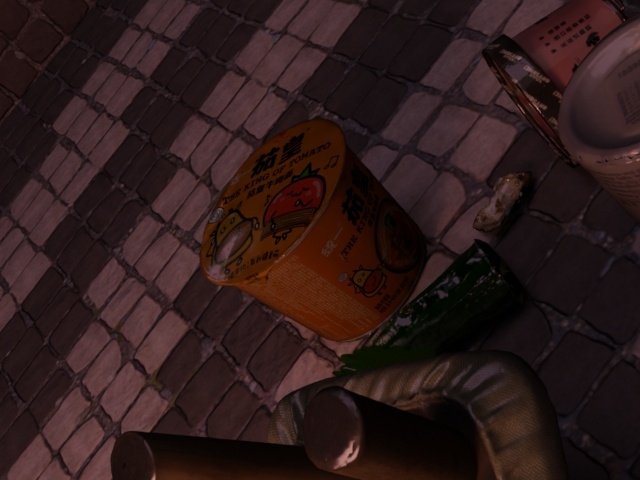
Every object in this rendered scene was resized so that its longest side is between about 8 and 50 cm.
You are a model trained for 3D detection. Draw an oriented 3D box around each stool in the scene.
[{"bbox_3d":[0.018,0.249,1.044,0.310,0.226,0.310,-18,75,41],"label":"stool"}]

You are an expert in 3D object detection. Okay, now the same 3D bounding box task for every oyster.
[{"bbox_3d":[0.194,-0.040,1.423,0.083,0.019,0.054,-55,29,-2],"label":"oyster"}]

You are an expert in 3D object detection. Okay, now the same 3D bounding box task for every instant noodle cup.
[{"bbox_3d":[0.000,0.000,1.486,0.216,0.172,0.215,-34,34,27],"label":"instant noodle cup"}]

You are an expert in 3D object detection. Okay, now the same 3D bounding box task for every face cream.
[{"bbox_3d":[0.318,-0.099,1.191,0.177,0.153,0.177,-34,36,29],"label":"face cream"}]

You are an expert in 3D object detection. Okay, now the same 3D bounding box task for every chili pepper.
[{"bbox_3d":[0.102,0.100,1.363,0.227,0.059,0.088,-44,36,16],"label":"chili pepper"}]

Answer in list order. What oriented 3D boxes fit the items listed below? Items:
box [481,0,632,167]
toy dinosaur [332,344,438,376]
[{"bbox_3d":[0.258,-0.170,1.358,0.135,0.151,0.151,-38,32,7],"label":"box"},{"bbox_3d":[0.087,0.196,1.252,0.194,0.152,0.177,-116,29,-66],"label":"toy dinosaur"}]
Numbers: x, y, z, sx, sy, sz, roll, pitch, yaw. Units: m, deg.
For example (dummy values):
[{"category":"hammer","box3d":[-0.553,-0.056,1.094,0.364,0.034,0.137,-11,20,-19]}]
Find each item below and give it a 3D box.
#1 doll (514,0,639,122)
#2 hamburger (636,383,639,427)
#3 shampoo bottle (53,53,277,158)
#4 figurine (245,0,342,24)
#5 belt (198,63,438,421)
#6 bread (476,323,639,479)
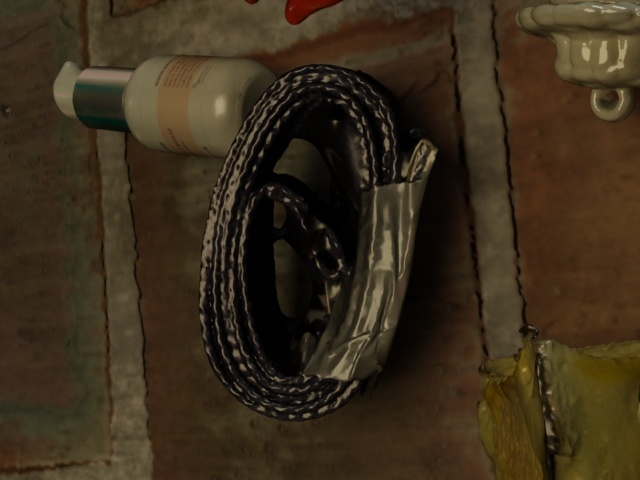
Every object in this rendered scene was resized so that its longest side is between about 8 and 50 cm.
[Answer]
[{"category":"doll","box3d":[0.179,-0.216,0.868,0.138,0.119,0.293,5,91,24]},{"category":"hamburger","box3d":[0.282,0.086,0.755,0.237,0.147,0.237,10,113,25]},{"category":"shampoo bottle","box3d":[-0.119,-0.101,1.094,0.192,0.074,0.074,7,92,34]},{"category":"figurine","box3d":[-0.007,-0.316,0.905,0.306,0.241,0.412,-60,30,18]},{"category":"belt","box3d":[0.000,0.000,0.982,0.140,0.126,0.230,9,94,6]},{"category":"bread","box3d":[0.135,0.120,0.859,0.169,0.160,0.140,-11,82,34]}]
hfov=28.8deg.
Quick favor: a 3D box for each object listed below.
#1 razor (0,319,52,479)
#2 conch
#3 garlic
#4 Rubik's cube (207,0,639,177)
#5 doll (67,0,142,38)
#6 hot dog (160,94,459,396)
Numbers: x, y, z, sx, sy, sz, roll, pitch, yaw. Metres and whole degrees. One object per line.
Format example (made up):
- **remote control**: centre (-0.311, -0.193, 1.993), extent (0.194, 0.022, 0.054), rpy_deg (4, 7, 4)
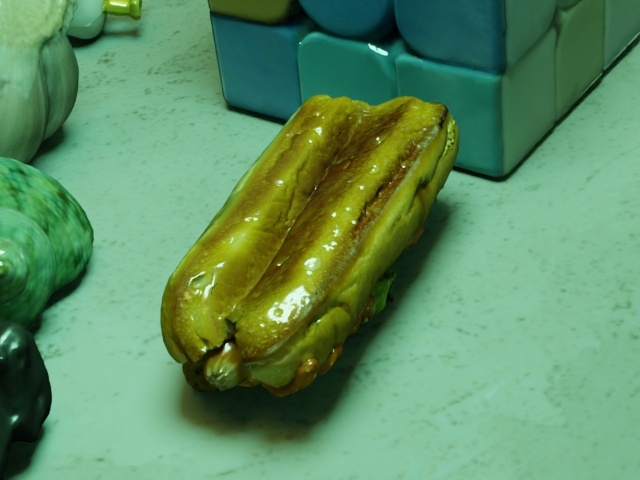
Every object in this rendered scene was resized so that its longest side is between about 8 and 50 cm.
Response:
- **razor**: centre (-0.304, 0.172, 0.812), extent (0.189, 0.107, 0.327), rpy_deg (1, 35, 11)
- **conch**: centre (-0.273, 0.005, 1.035), extent (0.175, 0.122, 0.188), rpy_deg (10, 35, -19)
- **garlic**: centre (-0.353, -0.172, 1.211), extent (0.292, 0.237, 0.210), rpy_deg (-30, 11, 33)
- **Rubik's cube**: centre (0.108, -0.318, 1.230), extent (0.344, 0.347, 0.347), rpy_deg (18, 41, 32)
- **doll**: centre (-0.352, -0.283, 1.451), extent (0.293, 0.119, 0.138), rpy_deg (-3, 60, 5)
- **hot dog**: centre (0.000, 0.000, 1.000), extent (0.158, 0.117, 0.349), rpy_deg (6, 40, 23)

EXERCISE OBJECTIVE: Show all lines above holding "below".

WRITTEN SOLUTION:
Answer in list order. What oriented 3D boxes fit the items listed below? Items:
Find each item below and give it a 3D box.
Quick favor: a 3D box for each object listed below.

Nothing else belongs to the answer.